God, neither was she. He’d always assumed that her quietude had morphed from middle school shyness to teenage nonchalance, the kind that came with the social shield provided by popularity. He definitely never assumed that she ever thought of him. When she said he’d looked different, she wasn’t wrong. When he’d gotten to high school, he’d changed his whole look. He wanted some bite, some edge. He was tired of being the quiet, skinny metalhead who everybody picked on.
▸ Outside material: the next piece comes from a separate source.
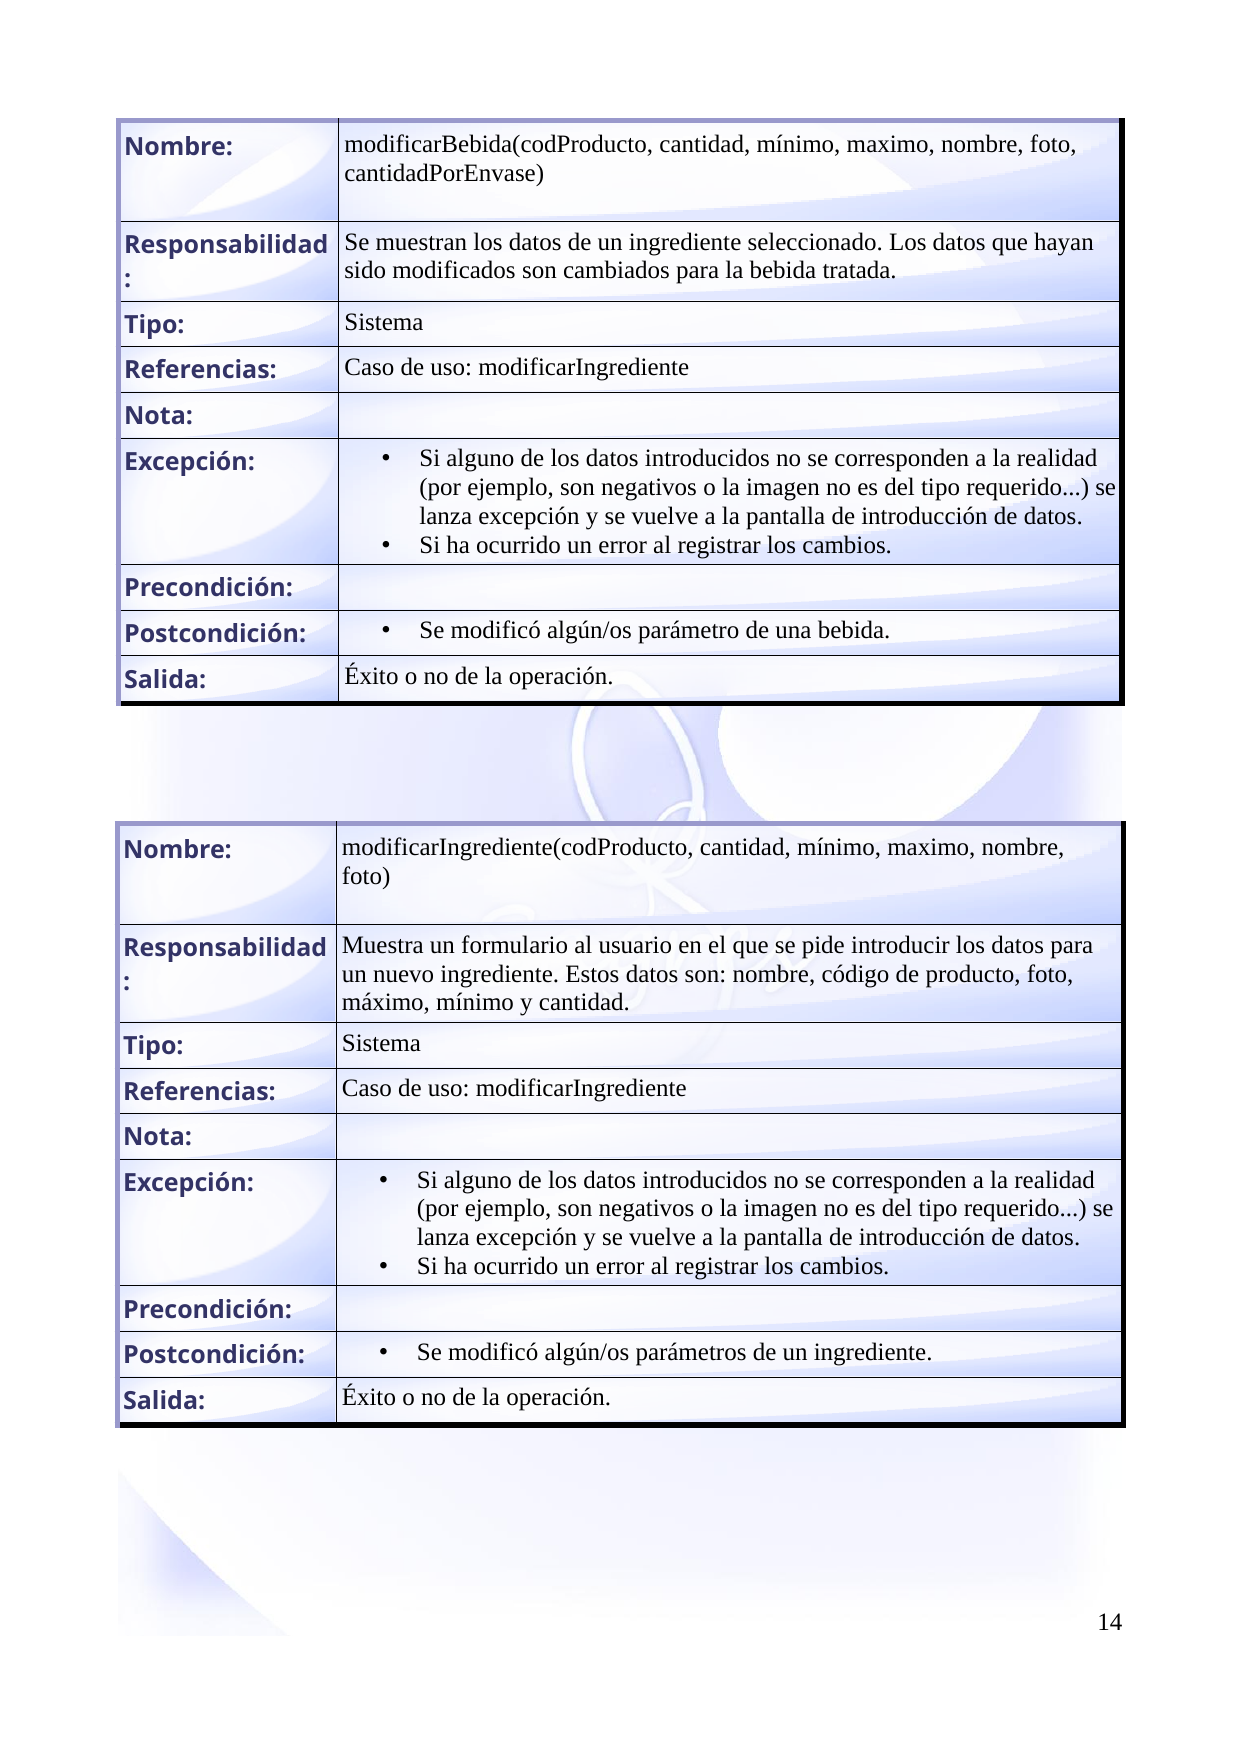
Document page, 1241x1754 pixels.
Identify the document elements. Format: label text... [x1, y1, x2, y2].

He wanted to be tough. He wanted to be feared. He wanted to be left alone.
But never by her.
It was where he’d miscalculated—coming across as mean and scary to everyone meant coming across as mean and scary to Chrissy Cunningham, his first crush, first kiss, Queen of Hawkins High, girl of his dreams. Cheerleader. Jason Carver’s girlfriend. Unavailable, anxious mess of a girl who was now asking to buy drugs. And if he lacked any self-preservation skills, he would’ve given them to her for free, because god fucking damnit, he was absolutely in love with her.
Fifteen for a half ounce was an insanely good deal. For her, obviously, not him. No, he was losing money on this sale. But he didn’t care. He just wanted to make her think he was… well, cool. In his own way, at least.
“Do you have anything stronger?”
He couldn’t help but think to himself, would a kiss do, princess? But he figured that wasn’t what she had in mind, even if it might just do the trick. He dreamt of getting drunk off her pretty little cupid’s bow. He would bet he could. He would bet that kissing her was as good if not better than doing anything else with any other girl.
Well. Maybe one day he’d kiss her.
At least, he figured, once upon time, she’d kissed him.